Le 23 mai 2018, le gouvernement a signé le décret n° 2018-383 « autorisant les traitements de données à caractère personnel relatifs au suivi des personnes en soins psychiatriques sans consentement ». L’ADESM (Association des Etablissements participant au service public de Santé Mentale), la Fnapsy (Fédération Nationale des Associations d’usagers en PSYchiatrie) et l’Unafam (Union nationale de familles et amis de personnes malades et/ou handicapées psychiques) font part de leur grande inquiétude.

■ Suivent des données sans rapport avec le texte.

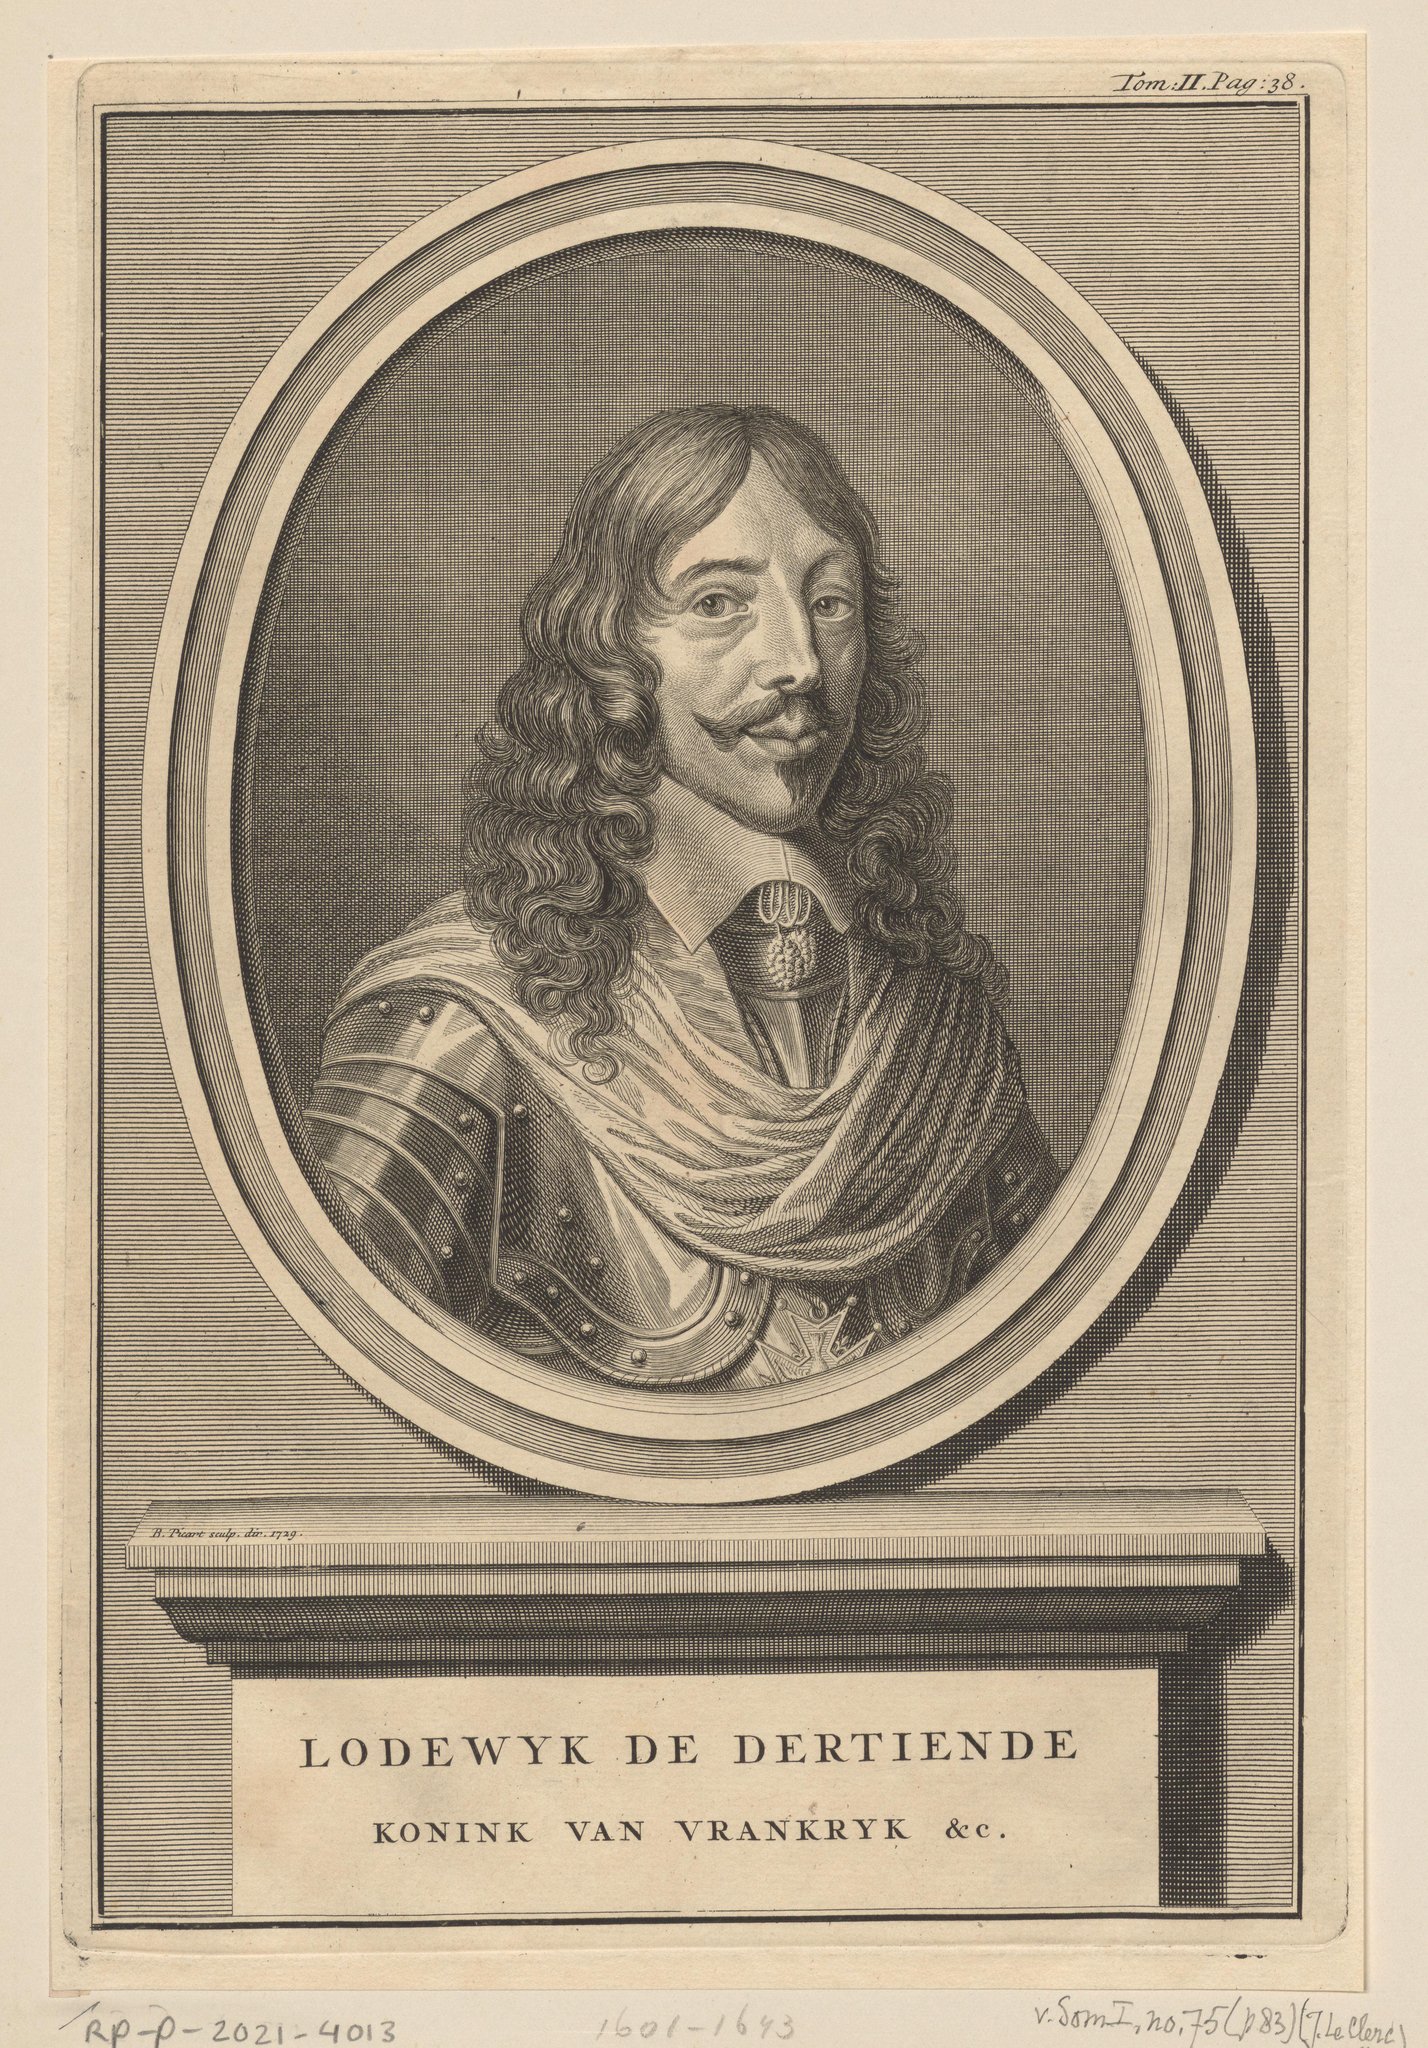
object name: book illustration
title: Portret van Lodewijk XIII van Frankrijk
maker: bernard picart
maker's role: draughtsman, print maker, publisher
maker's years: 1673-1733
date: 1729-1738
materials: paper
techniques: engraving, etching
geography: northern netherlands
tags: lodewijk xiii (koning van frankrijk), ornament ~ medallion, armour, historical persons, king
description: Prent waarschijnlijk uit: Le Clerc, Jean. Geschiedenissen der Vereenigde Nederlanden. Amsterdam: Zacharias Chatelain, 1730, dl. 2. Of uit de tweede druk uit 1738.

Ce décret autorise les Agences régionales de santé (ARS) à collecter des données qui pourront être l’objet d’une consultation nationale via un dispositif appelé Hopsyweb. Les raisons invoquées, à savoir faciliter la gestion administrative de ces patients et disposer de statistiques nationales, ne justifient en rien la constitution d’un tel fichier. S’il s’agissait d’un suivi des hospitalisations sans consentement à des fins statistiques et de suivi des situations, ce fichier national ne serait pas nominatif et ne contiendrait que des données anonymisées.
En outre, le texte précise que le droit d’opposition prévu à l’article 38 de la loi du 6 janvier 1978 dite « informatique et libertés », qui prévoit que « toute personne physique a le droit de s’opposer, pour des motifs légitimes, à ce que des données à caractère personnel la concernant fassent l’objet d’un traitement » — ne s’applique pas pour la mise en œuvre d’Hopsyweb.
Par ailleurs, ce décret n’est pas sans rappeler le discours du Premier Ministre du 23 février 2018 concernant le plan national de prévention de la radicalisation. En particulier la mesure 39 « actualiser les dispositions existantes relatives à l’accès et la conservation des données sensibles contenues dans l’application de gestion des personnes faisant l’objet d’une mesure de soins psychiatriques sans consentement (HOPSY) ». Jeter le voile de la suspicion sur les personnes ayant des troubles psychiatriques en les assimilant à des personnes radicalisées renforce le regard stigmatisant que porte la société sur elles.
Rappelons que les usagers de la psychiatrie hospitalisés sans consentement sont avant tout des personnes malades vulnérables et en grande souffrance qui ont besoin de soins. Pour celles et ceux qui doivent aider leurs proches malades psychiques contre leur gré, il n’y a souvent pas d’autre alternative que les soins sans consentement. C’est une démarche très douloureuse pour ces parents, enfants, frères, sœurs, conjoints, petits-enfants, qui doivent pouvoir s’en remettre pleinement au personnel soignant. Pour le personnel soignant, les soins sans consentement exigent de tisser, autant que faire se peut, un lien de confiance avec la personne malade et son entourage.
Avec ce décret, nourrissant les amalgames entre maladie psychique et terrorisme, c’est le secret médical et le processus de soins qui sont menacés. Nous, patients, proches, soignants, demandons une modification de ce décret afin que les données soient anonymisées.